▸ **What you have to do**
Before printing the listing, strip out its pictures and keep everything else exact.

──────── Given records ────────

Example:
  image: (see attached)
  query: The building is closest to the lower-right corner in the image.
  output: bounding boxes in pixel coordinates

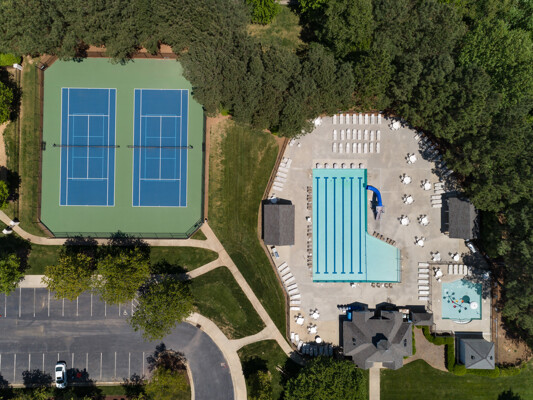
[460,336,496,370]
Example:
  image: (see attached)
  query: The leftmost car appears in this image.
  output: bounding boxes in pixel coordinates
[52,363,66,389]
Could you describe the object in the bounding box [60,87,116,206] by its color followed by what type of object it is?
blue tennis court
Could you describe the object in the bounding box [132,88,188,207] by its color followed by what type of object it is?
blue tennis court
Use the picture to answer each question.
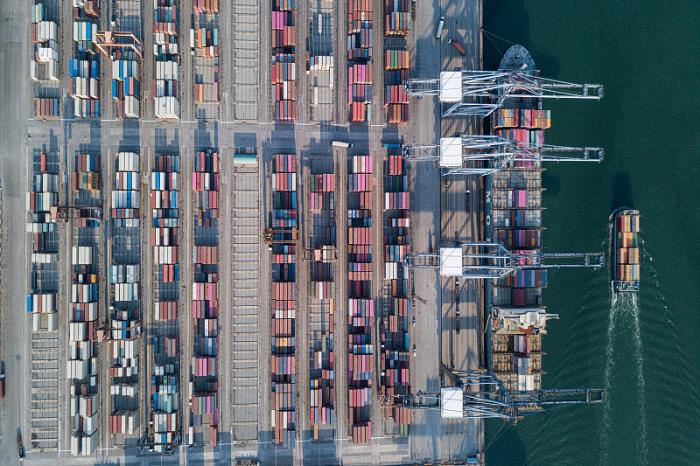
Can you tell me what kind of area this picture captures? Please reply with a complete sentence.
The area seen from above is a port.
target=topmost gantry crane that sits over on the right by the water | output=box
[405,67,599,127]
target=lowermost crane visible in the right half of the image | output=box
[406,358,600,422]
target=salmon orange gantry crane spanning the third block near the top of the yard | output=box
[92,32,144,63]
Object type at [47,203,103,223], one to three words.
container crane
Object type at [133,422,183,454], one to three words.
container crane
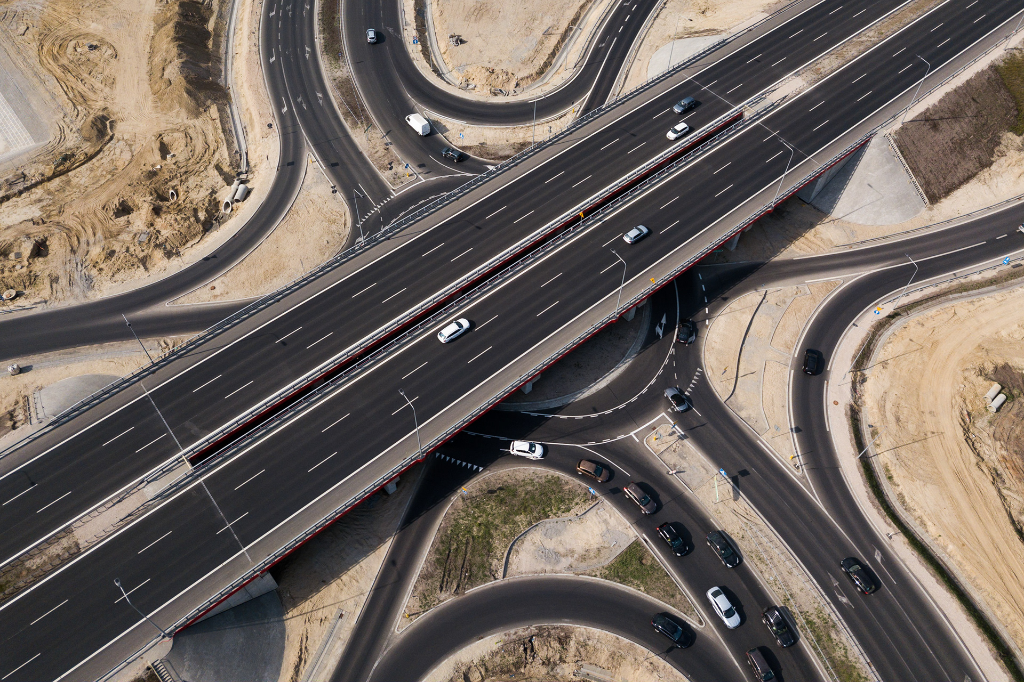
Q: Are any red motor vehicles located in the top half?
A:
No
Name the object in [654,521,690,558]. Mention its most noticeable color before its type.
black car
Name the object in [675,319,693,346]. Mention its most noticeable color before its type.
black car
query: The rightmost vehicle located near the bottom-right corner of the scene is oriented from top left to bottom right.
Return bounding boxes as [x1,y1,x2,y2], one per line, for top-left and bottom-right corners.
[838,558,877,597]
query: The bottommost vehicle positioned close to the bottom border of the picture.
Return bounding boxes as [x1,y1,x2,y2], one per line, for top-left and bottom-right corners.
[743,646,778,682]
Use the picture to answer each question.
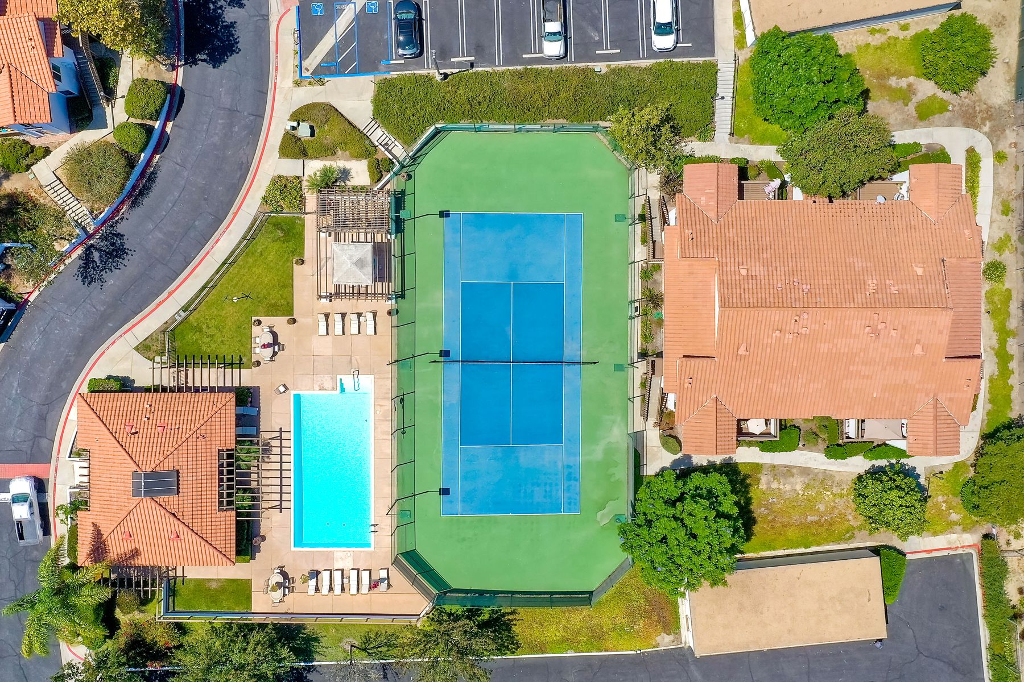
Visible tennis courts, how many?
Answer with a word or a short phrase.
1
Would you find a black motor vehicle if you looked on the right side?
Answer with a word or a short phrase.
No
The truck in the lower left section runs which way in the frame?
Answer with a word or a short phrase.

────────

▸ **Exercise solution**
Example:
  image: (see attached)
  query: The building is closest to the lower-right corner in the image.
  output: bounding boxes in pixel coordinates

[460,336,496,370]
Example:
  image: (see attached)
  query: The leftmost car appears in this image.
  output: bounding boxes in pixel coordinates
[52,363,66,389]
Could you describe the object in the bounding box [60,87,116,206] by its color followed by what type of object it is?
blue tennis court
Could you describe the object in the bounding box [132,88,188,207] by its color followed by what type of object it is?
blue tennis court
Use the picture to answer each question.
Can you tell me what kind of area this picture captures? Please reply with a complete sentence.
The area seen from above is a port.
target=topmost gantry crane that sits over on the right by the water | output=box
[405,67,599,127]
target=lowermost crane visible in the right half of the image | output=box
[406,358,600,422]
target=salmon orange gantry crane spanning the third block near the top of the yard | output=box
[92,32,144,63]
Object type at [47,203,103,223], one to three words.
container crane
Object type at [133,422,183,454], one to three words.
container crane
Q: Are any red motor vehicles located in the top half?
A:
No
Name the object in [654,521,690,558]. Mention its most noticeable color before its type.
black car
Name the object in [675,319,693,346]. Mention its most noticeable color before its type.
black car
query: The rightmost vehicle located near the bottom-right corner of the scene is oriented from top left to bottom right.
Return bounding boxes as [x1,y1,x2,y2], one per line, for top-left and bottom-right corners.
[838,558,877,597]
query: The bottommost vehicle positioned close to the bottom border of the picture.
Return bounding boxes as [x1,y1,x2,y2], one per line, for top-left and bottom-right corners.
[743,646,778,682]
Use the picture to answer each question.
Visible tennis courts, how many?
Answer with a word or a short phrase.
1
Would you find a black motor vehicle if you looked on the right side?
Answer with a word or a short phrase.
No
The truck in the lower left section runs which way in the frame?
Answer with a word or a short phrase.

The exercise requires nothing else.